Jagana is a village in the Palanpur taluka of Banaskantha district in northern Gujarat, India. The villages Vasna, Bhagal, Sedrasana are located near to Jagana and it is just 6 km away from the district headquarters, Palanpur.

==About==
Jagana is located at an altitude of 252m (830 feet) at 24°7'30 N, 72°25'15 E. It is believed to be founded by Jagdev whose brother Pal Parmar founded Palanpur.

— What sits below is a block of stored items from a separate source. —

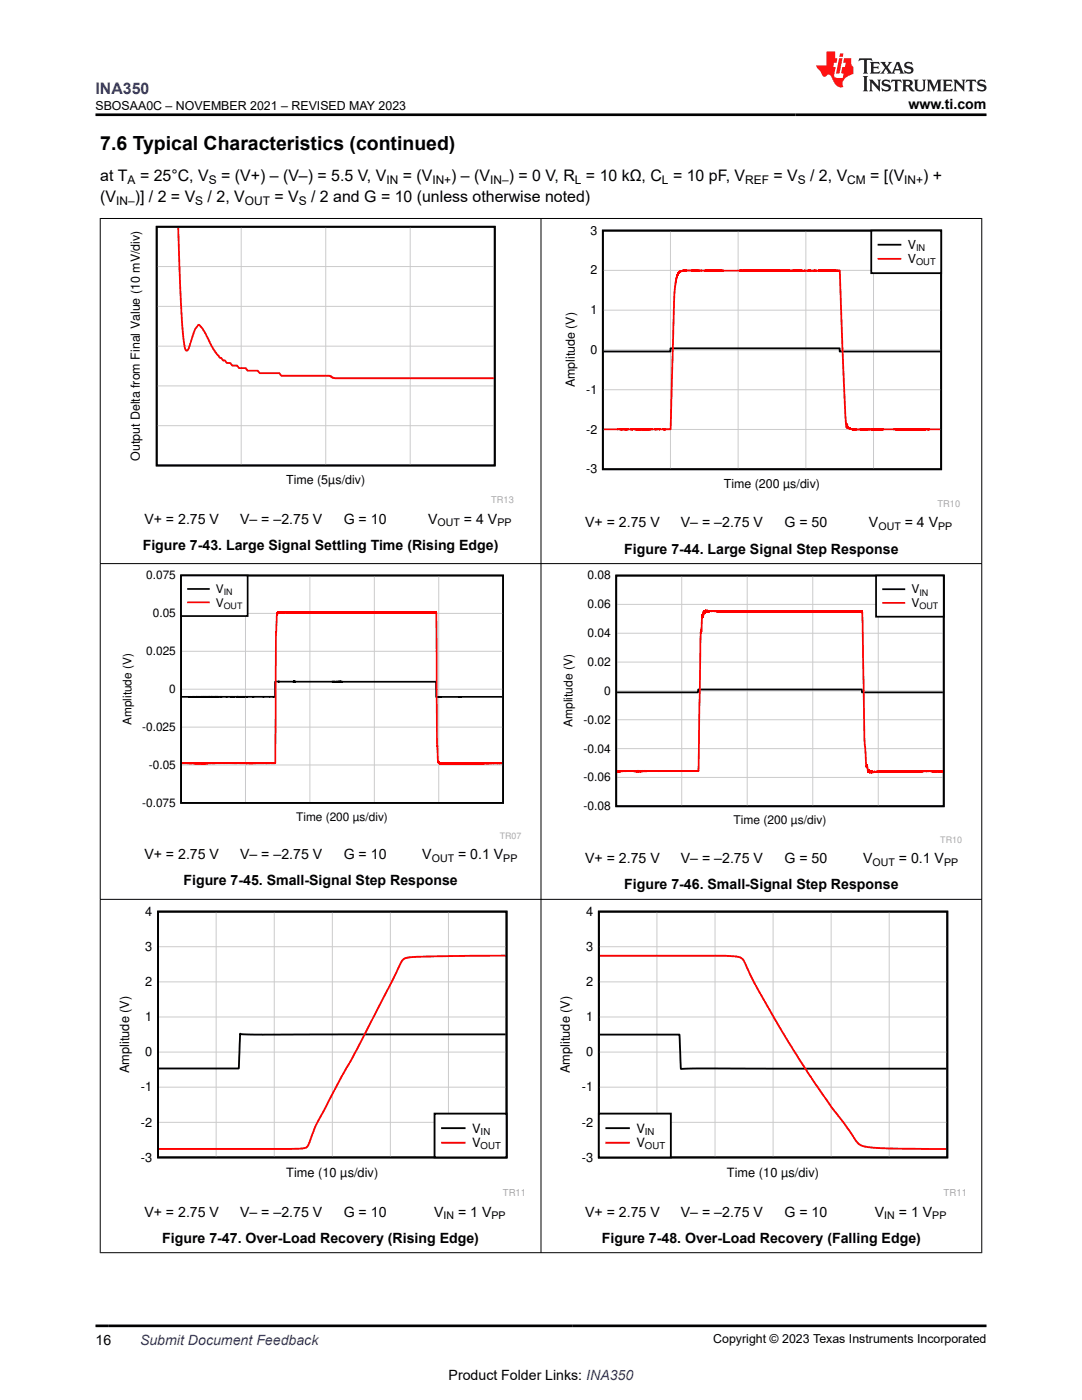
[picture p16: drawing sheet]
<svg xmlns="http://www.w3.org/2000/svg" width="216mm" height="279mm" viewBox="0 0 216 279" stroke-linecap="round" stroke-linejoin="round" font-family="sans-serif">
<defs><g id="words">
<text font-size="3.9" x="20" y="29.9">7.6 Typical Characteristics (continued)</text>
<text font-size="3.2" fill="#00f" x="19" y="18.7">INA350</text>
<g font-size="3.2">
<text x="20" y="36.1">at T</text>
<text x="20" y="40.3">(V</text>
<text x="26.9" y="40.3">)] / 2 = V</text>
<text x="27.9" y="36.1">= 25°C, V</text>
<text x="41.4" y="40.3">/ 2, V</text>
<text x="44.1" y="36.1">= (V+) – (V–) = 5.5 V, V</text>
<text x="54.8" y="40.3">= V</text>
<text x="62.1" y="40.3">/ 2 and G = 10 (unless otherwise noted)</text>
<text x="80.4" y="36.1">= (V</text>
<text x="90" y="36.1">) – (V</text>
<text x="101.5" y="36.1">) = 0 V, R = 10 kΩ, C = 10 pF, V</text>
<text x="154.3" y="36.1">= V</text>
<text x="161.7" y="36.1">/ 2, V</text>
<text x="173.6" y="36.1">= [(V</text>
<text x="184.2" y="36.1">) +</text>
</g>
<g font-size="2.8">
<text x="181.3" y="21.8">www.ti.com</text>
<text x="28.8" y="104.5">V+ = 2.75 V</text>
<text x="47.9" y="104.5">V– = –2.75 V</text>
<text x="68.6" y="104.5">G = 10</text>
<text x="85.4" y="104.5">V</text>
<text x="92.6" y="104.5">= 4 V</text>
<text x="116.8" y="105.3">V+ = 2.75 V</text>
<text x="135.9" y="105.3">V– = –2.75 V</text>
<text x="156.5" y="105.3">G = 50</text>
<text x="173.4" y="105.3">V</text>
<text x="180.5" y="105.3">= 4 V</text>
<text x="28.5" y="109.7">Figure 7-43. Large Signal Settling Time (Rising Edge)</text>
<text x="124.6" y="110.5">Figure 7-44. Large Signal Step Response</text>
<text x="28.8" y="171.5">V+ = 2.75 V</text>
<text x="47.9" y="171.5">V– = –2.75 V</text>
<text x="68.6" y="171.5">G = 10</text>
<text x="84.3" y="171.5">V</text>
<text x="91.4" y="171.5">= 0.1 V</text>
<text x="116.8" y="172.3">V+ = 2.75 V</text>
<text x="135.9" y="172.3">V– = –2.75 V</text>
<text x="156.5" y="172.3">G = 50</text>
<text x="172.2" y="172.3">V</text>
<text x="179.4" y="172.3">= 0.1 V</text>
<text x="36.6" y="176.7">Figure 7-45. Small-Signal Step Response</text>
<text x="124.6" y="177.5">Figure 7-46. Small-Signal Step Response</text>
<text x="28.8" y="242.8">V+ = 2.75 V</text>
<text x="47.9" y="242.8">V– = –2.75 V</text>
<text x="68.6" y="242.8">G = 10</text>
<text x="86.6" y="242.8">V</text>
<text x="91.4" y="242.8">= 1 V</text>
<text x="116.8" y="242.8">V+ = 2.75 V</text>
<text x="135.9" y="242.8">V– = –2.75 V</text>
<text x="156.5" y="242.8">G = 10</text>
<text x="174.6" y="242.8">V</text>
<text x="179.4" y="242.8">= 1 V</text>
<text x="32.4" y="248">Figure 7-47. Over-Load Recovery (Rising Edge)</text>
<text x="120.1" y="248">Figure 7-48. Over-Load Recovery (Falling Edge)</text>
<text x="19" y="268.4">16</text>
<text x="89.5" y="275.3">Product Folder Links: INA350</text>
</g>
<text font-size="2.8" fill="#00f" x="27.9" y="268.4">Submit Document Feedback</text>
<g font-size="2.6">
<text x="29" y="182.8">4</text>
<text x="116.9" y="182.8">4</text>
<text x="29" y="189.8">3</text>
<text x="116.9" y="189.8">3</text>
<text x="29" y="196.8">2</text>
<text x="116.9" y="196.8">2</text>
<text x="29" y="203.8">1</text>
<text x="116.9" y="203.8">1</text>
<text x="25.8" y="214.2" transform="rotate(-90 25.8 214.2)">Amplitude (V)</text>
<text x="29" y="210.8">0</text>
<text x="113.7" y="214.2" transform="rotate(-90 113.7 214.2)">Amplitude (V)</text>
<text x="116.9" y="210.8">0</text>
<text x="28.1" y="217.8">-1</text>
<text x="116.1" y="217.8">-1</text>
<text x="28.1" y="224.8">-2</text>
<text x="94.2" y="226.1">V</text>
<text x="116.1" y="224.8">-2</text>
<text x="127" y="226.1">V</text>
<text x="28.1" y="231.8">-3</text>
<text x="94.2" y="229">V</text>
<text x="116.1" y="231.8">-3</text>
<text x="127" y="229">V</text>
<text x="57.1" y="234.8">Time (10 µs/div)</text>
<text x="145.1" y="234.8">Time (10 µs/div)</text>
</g>
<g font-size="2.5">
<text x="19" y="21.9">SBOSAA0C – NOVEMBER 2021 – REVISED MAY 2023</text>
<text x="117.8" y="46.8">3</text>
<text x="181.1" y="49.7">V</text>
<text x="181.1" y="52.5">V</text>
<text x="117.8" y="54.8">2</text>
<text x="117.8" y="62.7">1</text>
<text x="117.8" y="70.6">0</text>
<text x="114.7" y="77.3" transform="rotate(-90 114.7 77.3)">Amplitude (V)</text>
<text x="117" y="78.6">-1</text>
<text x="117" y="86.5">-2</text>
<text x="27.9" y="92" transform="rotate(-90 27.9 92)">Output Delta from Final Value (10 mV/div)</text>
<text x="117" y="94.5">-3</text>
<text x="57.1" y="96.6">Time (5µs/div)</text>
<text x="144.4" y="97.4">Time (200 µs/div)</text>
<text x="142.3" y="268.1">Copyright © 2023 Texas Instruments Incorporated</text>
</g>
<g font-size="2.4">
<text x="23.2" y="40.9">IN–</text>
<text x="25.5" y="36.7">A</text>
<text x="39" y="40.9">S</text>
<text x="41.7" y="36.7">S</text>
<text x="48.9" y="40.9">OUT</text>
<text x="59.6" y="40.9">S</text>
<text x="77.1" y="36.7">IN</text>
<text x="86.3" y="36.7">IN+</text>
<text x="97.8" y="36.7">IN–</text>
<text x="114.7" y="36.7">L</text>
<text x="132.1" y="36.7">L</text>
<text x="148.7" y="36.7">REF</text>
<text x="159.2" y="36.7">S</text>
<text x="169.1" y="36.7">CM</text>
<text x="180.4" y="36.7">IN+</text>
<text x="29.2" y="115.6">0.075</text>
<text x="43.1" y="118.4">V</text>
<text x="117.2" y="115.7">0.08</text>
<text x="181.9" y="118.4">V</text>
<text x="30.5" y="123.2">0.05</text>
<text x="43.1" y="121.1">V</text>
<text x="117.2" y="121.4">0.06</text>
<text x="181.9" y="121.2">V</text>
<text x="29.2" y="130.8">0.025</text>
<text x="117.2" y="127.2">0.04</text>
<text x="117.2" y="132.9">0.02</text>
<text x="33.8" y="138.3">0</text>
<text x="120.6" y="138.7">0</text>
<text x="26.2" y="144.7" transform="rotate(-90 26.2 144.7)">Amplitude (V)</text>
<text x="28.4" y="145.9">-0.025</text>
<text x="114.2" y="145.1" transform="rotate(-90 114.2 145.1)">Amplitude (V)</text>
<text x="116.4" y="144.4">-0.02</text>
<text x="29.7" y="153.4">-0.05</text>
<text x="116.4" y="155.9">-0.06</text>
<text x="116.4" y="150.2">-0.04</text>
<text x="28.4" y="161">-0.075</text>
<text x="116.4" y="161.7">-0.08</text>
<text x="59.1" y="163.8">Time (200 µs/div)</text>
<text x="146.3" y="164.5">Time (200 µs/div)</text>
</g>
<g font-size="2.1">
<text x="87.3" y="105.1">OUT</text>
<text x="99.3" y="105.1">PP</text>
<text x="175.3" y="105.8">OUT</text>
<text x="187.2" y="105.8">PP</text>
<text x="86.2" y="172">OUT</text>
<text x="100.4" y="172">PP</text>
<text x="174.1" y="172.8">OUT</text>
<text x="188.4" y="172.8">PP</text>
<text x="88.5" y="243.3">IN</text>
<text x="98.1" y="243.3">PP</text>
<text x="176.5" y="243.3">IN</text>
<text x="186" y="243.3">PP</text>
</g>
<g font-size="1.9">
<text x="182.8" y="50.1">IN</text>
<text x="182.8" y="53">OUT</text>
<text x="95.9" y="226.5">IN</text>
<text x="128.7" y="226.5">IN</text>
<text x="95.9" y="229.4">OUT</text>
<text x="128.7" y="229.4">OUT</text>
</g>
<g font-size="1.9" fill="#a8a8a8">
<text x="98" y="100.4">TR13</text>
<text x="187.1" y="101.2">TR10</text>
<text x="100.3" y="238.7">TR11</text>
<text x="188.3" y="238.7">TR11</text>
</g>
<g font-size="1.8">
<text x="44.6" y="118.8">IN</text>
<text x="183.5" y="118.8">IN</text>
<text x="44.6" y="121.5">OUT</text>
<text x="183.5" y="121.6">OUT</text>
</g>
<g font-size="1.8" fill="#a8a8a8">
<text x="99.7" y="167.4">TR07</text>
<text x="187.6" y="168.2">TR10</text>
</g>
</g></defs>
<path d="M31.3 45.3h67.4v47.6h-67.4z" fill="none" stroke="#000" stroke-width=".36"/>
<path d="M31.3 53.2h67.4M48.1 45.3v47.6M65 45.3v47.6M81.9 45.3v47.6M31.3 77h67.4M31.3 69.1h67.4M31.3 61.1h67.4M31.3 85h67.4" fill="none" stroke="#cbcbcb" stroke-width=".2"/>
<path d="M35.6 45.4l.5 15.3 .5 7a3.5 3.5 0 0 0 .6 2.3 .86 .86 0 0 0 .6-1l1-2.9 .5-.9a.39 .39 0 0 1 .4-.4 .39 .39 0 0 1 .4 .4l1 1.5 1.7 3.3 1.1 1.4 .4 .2a.46 .46 0 0 0 .6 .3l.4 .5h.4a.58 .58 0 0 1 .6 .6h1l.1 .1a.93 .93 0 0 0 1.1 .4h.5l.1 .1a.95 .95 0 0 0 1.1 .4h1.2l.1 .1a.95 .95 0 0 0 1.1 .4h2.9a.59 .59 0 0 1 .6 .5h9.6l1.1 .5h31.7" fill="none" stroke="#f00" stroke-width=".36"/>
<path d="M112.3 45h79.3v56.2h-79.3z" fill-rule="evenodd" fill="#fff"/>
<path d="M120.3 46h67.5v47.7h-67.5zM120.5 70.2h13.3v-.7h33.7v.7h20.1" fill="none" stroke="#000" stroke-width=".36"/>
<path d="M120.3 54h67.5M133.8 46v47.7M147.3 46v47.7M160.8 46v47.7M174.3 46v47.7M120.3 77.8h67.5M120.3 69.8h67.5M120.3 61.9h67.5M120.3 85.7h67.5" fill="none" stroke="#cbcbcb" stroke-width=".2"/>
<path d="M120.5 85.7h13.3l.8-27.4 .3-2.2 .3-1.4 .6-.6 1-.1h30.8l.9 25.1 .2 4.5 .3 1.8v-.8l.1 .6 .6 .4 .6 .1h17.3" fill="none" stroke="#f00" stroke-width=".36"/>
<path d="M173.8 46h14v8.5h-14z" fill-rule="evenodd" fill="#fff"/>
<path d="M173.8 46h14v8.5h-14zM175.3 48.8h4.4" fill="none" stroke="#000" stroke-width=".36"/>
<path d="M175.3 51.7h4.4" fill="none" stroke="#f00" stroke-width=".36"/>
<path d="M24 113.9h80v53.6h-80z" fill-rule="evenodd" fill="#fff"/>
<path d="M36.1 114.9h64.3v45.3h-64.3zM36.3 139.1h18.6v-3.1l32.1 .1v3h13.2" fill="none" stroke="#000" stroke-width=".34"/>
<path d="M49 114.9v45.3M61.8 114.9v45.3M74.7 114.9v45.3M87.5 114.9v45.3M36.1 137.5h64.3M36.1 130h64.3M36.1 122.4h64.3M36.1 152.7h64.3M36.1 145.1h64.3" fill="none" stroke="#cbcbcb" stroke-width=".2"/>
<path d="M36.3 152.3h18.6l.1-24.5 .2-4.7 .2-.8 1.1-.1h30.5l.2 25.8 .2 3.8 .1 .5h12.7" fill="none" stroke="#f00" stroke-width=".34"/>
<path d="M36.1 114.9h13.3v8h-13.3z" fill-rule="evenodd" fill="#fff"/>
<path d="M36.1 114.9h13.3v8h-13.3zM37.5 117.5h4.2" fill="none" stroke="#000" stroke-width=".34"/>
<path d="M37.5 120.2h4.2" fill="none" stroke="#f00" stroke-width=".34"/>
<path d="M111.9 113.9h80.1v54.3h-80.1z" fill-rule="evenodd" fill="#fff"/>
<path d="M123 114.9h65.3v46h-65.3zM123.1 138.2h16.2v-.6h32.7v.6h16.1" fill="none" stroke="#000" stroke-width=".35"/>
<path d="M136 114.9v46M149.1 114.9v46M162.2 114.9v46M175.2 114.9v46M123 137.9h65.3M123 132.1h65.3M123 126.4h65.3M123 120.6h65.3M123 155.2h65.3M123 149.4h65.3M123 143.6h65.3" fill="none" stroke="#cbcbcb" stroke-width=".2"/>
<path d="M188.1 153.9h-8.2l-5.4 .1-.2 .1-.2-.1-.2 .2-.2-.3-.1 .2-.2-.4-.2 .3-.2-1.2-.1 .2-.1-.2-.3-4.8-.5-25.9h-23.6l-6.8-.1-.2-.1-.2 .1-.1-.1-.2 .2-.2-.2-.1 .5-.2-.4-.1 1.2-.2-.4-.3 3.8-.5 27.3h-10.5l-.6-.1-.5 .1v-.1l-.2 .1v-.1v.1v-.1l-.1 .1-.2-.1-.1 .1-.3-.1h-3.2v.1l-.1-.1v.1l-.1-.1v.1v-.1v.1l-.1-.1-.2 .1" fill="none" stroke="#f00" stroke-width=".35"/>
<path d="M174.8 114.9h13.5v8.2h-13.5z" fill-rule="evenodd" fill="#fff"/>
<path d="M174.8 114.9h13.5v8.2h-13.5zM176.2 117.6h4.2" fill="none" stroke="#000" stroke-width=".35"/>
<path d="M176.2 120.3h4.2" fill="none" stroke="#f00" stroke-width=".35"/>
<path d="M23.3 180.9h81.4v57.9h-81.4z" fill-rule="evenodd" fill="#fff"/>
<path d="M31.5 181.9h69.6v49.1h-69.6zM100.9 206.4l-48.6 .1-3.5-.1-.9-.1-.3 6.9h-15.9" fill="none" stroke="#000" stroke-width=".37"/>
<path d="M31.5 196h69.6M31.5 188.9h69.6M43.1 181.9v49.1M54.7 181.9v49.1M66.3 181.9v49.1M77.9 181.9v49.1M89.5 181.9v49.1M31.5 217h69.6M31.5 210h69.6M31.5 203h69.6M31.5 224h69.6" fill="none" stroke="#cbcbcb" stroke-width=".2"/>
<path d="M100.9 190.7l-17.5 .2-2.2 .2-.8 .5-9.1 17.7-3.2 5.7-4.9 9.1-1.6 4.3-.5 .6-.9 .2-2 .1h-26.5" fill="none" stroke="#f00" stroke-width=".37"/>
<path d="M86.7 222.2h14.4v8.8h-14.4z" fill-rule="evenodd" fill="#fff"/>
<path d="M86.7 222.2h14.4v8.8h-14.4zM88.2 225.1h4.5" fill="none" stroke="#000" stroke-width=".37"/>
<path d="M88.2 228.1h4.5" fill="none" stroke="#f00" stroke-width=".37"/>
<path d="M111.3 180.9h81.3v57.9h-81.3z" fill-rule="evenodd" fill="#fff"/>
<path d="M119.5 181.9h69.5v49.1h-69.5zM119.7 206.5h15.9l.3 6.8h52.9" fill="none" stroke="#000" stroke-width=".37"/>
<path d="M119.5 196h69.5M119.5 188.9h69.5M131.1 181.9v49.1M142.7 181.9v49.1M154.3 181.9v49.1M165.8 181.9v49.1M177.4 181.9v49.1M119.5 217h69.5M119.5 210h69.5M119.5 203h69.5M119.5 224h69.5" fill="none" stroke="#cbcbcb" stroke-width=".2"/>
<path d="M119.7 190.7h24.7l2.5 .2 1 .3 .6 .6 2 4.4 3.6 6.3 5.5 9 6.1 9.2 2.7 3.4 3 4.2 1.2 .5 2.8 .3 13.4 .2" fill="none" stroke="#f00" stroke-width=".37"/>
<path d="M119.5 222.2h14.4v8.8h-14.4z" fill-rule="evenodd" fill="#fff"/>
<path d="M119.5 222.2h14.4v8.8h-14.4zM121 225.1h4.5" fill="none" stroke="#000" stroke-width=".37"/>
<path d="M121 228.1h4.5" fill="none" stroke="#f00" stroke-width=".37"/>
<path d="M19.9 43.6h176.1M20 43.5v206.6M107.9 43.5v206.6M195.9 43.5v206.6M19.9 112.5h176.1M19.9 179.5h176.1M19.9 250h176.1" fill="none" stroke="#000" stroke-width=".2"/>
<path d="M171.5 11.6l-.2 .6 .5-.2h.6v.1v2.2l-.2 .4h1l-.2-.4v-2.2v-.1h.5l.5 .2-.1-.6zM173.6 12.4l.2 .3v1.6l-.2 .4h1.9l.1-.6a1.08 1.08 0 0 1-1.3 .2v-.7h.6l.4 .2v-.7l-.4 .2h-.6v-.5l.2-.2a1 1 0 0 1 1 .3l-.1-.5zM175.7 12.4l.9 1.1-1 1.2h.9l-.2-.2 .5-.8 .4 .8-.2 .2h1.6l-.2-.2 .2-.5h.9l.1 .5-.1 .2h.9l-.2-.4-.8-1.9h-.5l-.9 2.1-.9-1.1 .9-1h-.8l.2 .2-.4 .6-.4-.6 .2-.2zM179 12.8l.4 1h-.7zM180.7 12.5a.65 .65 0 0 0-.2 .7 .65 .65 0 0 0 .6 .5l.6 .1 .1 .3a.79 .79 0 0 1-.7 .4 .79 .79 0 0 1-.7-.5l.1 .7 .2-.1a.93 .93 0 0 0 1.1 0 .93 .93 0 0 0 .4-.9 1.46 1.46 0 0 0-1.2-.6l-.1-.3a1.09 1.09 0 0 1 1.2 .2l-.2-.6-.1 .1-.5-.2zM172.2 15.2l.2 .4v2.2l-.2 .4h1l-.2-.4v-2.2l.2-.4zM173.4 15.9l.2 .4v1.5l-.2 .4h.8l-.3-.4 .1-1.3 1.6 1.8v-2l.2-.4h-.7l.1 .2 .1 1.1-1.2-1.3zM176.2 16a.65 .65 0 0 0-.2 .8 .65 .65 0 0 0 .6 .4l.6 .2 .1 .2a.79 .79 0 0 1-.7 .4 .79 .79 0 0 1-.7-.5l.1 .7 .2-.1a.93 .93 0 0 0 1.1 .1 .93 .93 0 0 0 .4-1 1.46 1.46 0 0 0-1.2-.5l-.1-.4a1.09 1.09 0 0 1 1.2 .2l-.1-.6-.2 .1-.5-.1zM177.9 15.9l-.1 .6a.63 .63 0 0 1 .8-.3v1.6l-.3 .4h1l-.2-.4v-1.6a.66 .66 0 0 1 .8 .3l-.1-.6zM180 15.9l.2 .4v1.5l-.2 .4h1l-.2-.2-.1-.7h.5l.1 .2a.79 .79 0 0 0 1.2 .6l-1-.9a.61 .61 0 0 0 .6-.6 .61 .61 0 0 0-.5-.7zM180.8 16.2h.1a.47 .47 0 0 1 .5 .1 .47 .47 0 0 1 .1 .5l-.1 .1-.7 .1zM182.3 15.9l.2 .2a2.27 2.27 0 0 0 .4 2 1.04 1.04 0 0 0 1.7-.7v-1.3l.2-.2h-.8l.2 .4v1.1a.6 .6 0 0 1-.6 .6 .6 .6 0 0 1-.6-.6v-1.1l.3-.4zM184.9 15.9l.2 .4v1.5l-.2 .4h.8l-.3-.4v-1.4l.9 1.9 .9-1.9v1.4l-.3 .4h1l-.2-.4v-1.5l.2-.4h-.8l-.7 1.5-.6-1.5zM188.1 15.9l.2 .4v1.5l-.2 .4h1.9l.1-.6a1.09 1.09 0 0 1-1.3 .2v-.7h.6l.4 .2v-.6l-.4 .2h-.6v-.6l.2-.1a1.01 1.01 0 0 1 1 .3l-.1-.6zM190.2 15.9l.3 .4v1.5l-.3 .4h.8l-.2-.4v-1.3l1.6 1.8v-2l.2-.4h-.7l.2 .2v1.1l-1.2-1.3zM192.8 15.9l-.1 .6a.63 .63 0 0 1 .8-.3v1.6l-.3 .4h1l-.2-.4v-1.6a.66 .66 0 0 1 .8 .3l-.1-.6zM195.2 16a.65 .65 0 0 0-.2 .8 .65 .65 0 0 0 .6 .4l.6 .2 .2 .2a.79 .79 0 0 1-.7 .4 .79 .79 0 0 1-.7-.5l.1 .7 .2-.1a.93 .93 0 0 0 1 .1 .93 .93 0 0 0 .5-1 1.46 1.46 0 0 0-1.3-.5v-.4a1.09 1.09 0 0 1 1.2 .2l-.2-.6-.2 .1-.5-.1z" fill="#231f20"/>
<path d="M164.9 10.3v2.7h-2l.1 .4 .8 1a.95 .95 0 0 0 1 .9 .59 .59 0 0 1 .5-.4 .59 .59 0 0 1 .5 .3l.4 .8a1.59 1.59 0 0 0 2.1 1.4 1.61 1.61 0 0 1 1-2.3l1-.3-.1-1.5a1.59 1.59 0 0 1-.3-1.7h-1.5l-.2 .9h.6l-.2 .9h-.5l-.2 .9v.3l.4 .1-.1 .9h-.7a.73 .73 0 0 1-1-.7l.3-1.5h-.5l.1-.9h.5l.2-.9h-.5v-1.3zM167.4 11.6l-.6 3.1h.7l.6-3.1zM167.6 10.7l-.1 .6h.7l.1-.6z" fill="#ed1c24"/>
<path d="M19 22.9h177.8M19 264.6h177.8" fill="none" stroke="#000" stroke-width=".53"/>
<use href="#words"/>
</svg>

Jagana has many educational institutes like Government Engineering College, Palanpur, which is one of the major engineering colleges in the nearby region, Srimati S K Mehta High School, Government Primary School. There are many temples in the village such as Guru Maharaj Mandir, Verai Mata Mandir, Shiv Mandir, Maha Gauri Mata Mandir and Hanuman Mandir. Bhagyabhumi Nabhashchandra Parshwadham, a Jain Derasar, is also located near Jagana. There are also many temples in the nearby town Palanpur and the religious sites such as Balaram Mahadev Temple and Ambaji located in the same district are reachable from Palanpur bus stand. There is a branch of BANK OF BARODA in the village. The village falls in the Vadgam Assembly constituency and Patan Parliamentary constituency.

==Transport==
===Road===
The road connecting Jagana to Palanpur was built in 1873–74. Jagana is connected to Palanpur by Gobri Road and Gujarat state highway 41 (SH41) which also connects it directly to Mehsana, Unjha and Ahmedabad.

===Rail===
Umardashi railway station is the nearest railway station located in Sedrasana village which is 5 km away. Palanpur junction, a major railway station on the Jaipur–Ahmedabad line is located 7 km away.

===Airport===
The nearest Airport is Deesa Airport, originally built to serve the princely state of Palanpur is located 35 km from Jagana. The nearest International Airport is Sardar Vallabhbhai Patel International Airport, Ahmedabad, which is at a distance of 135 km from the village.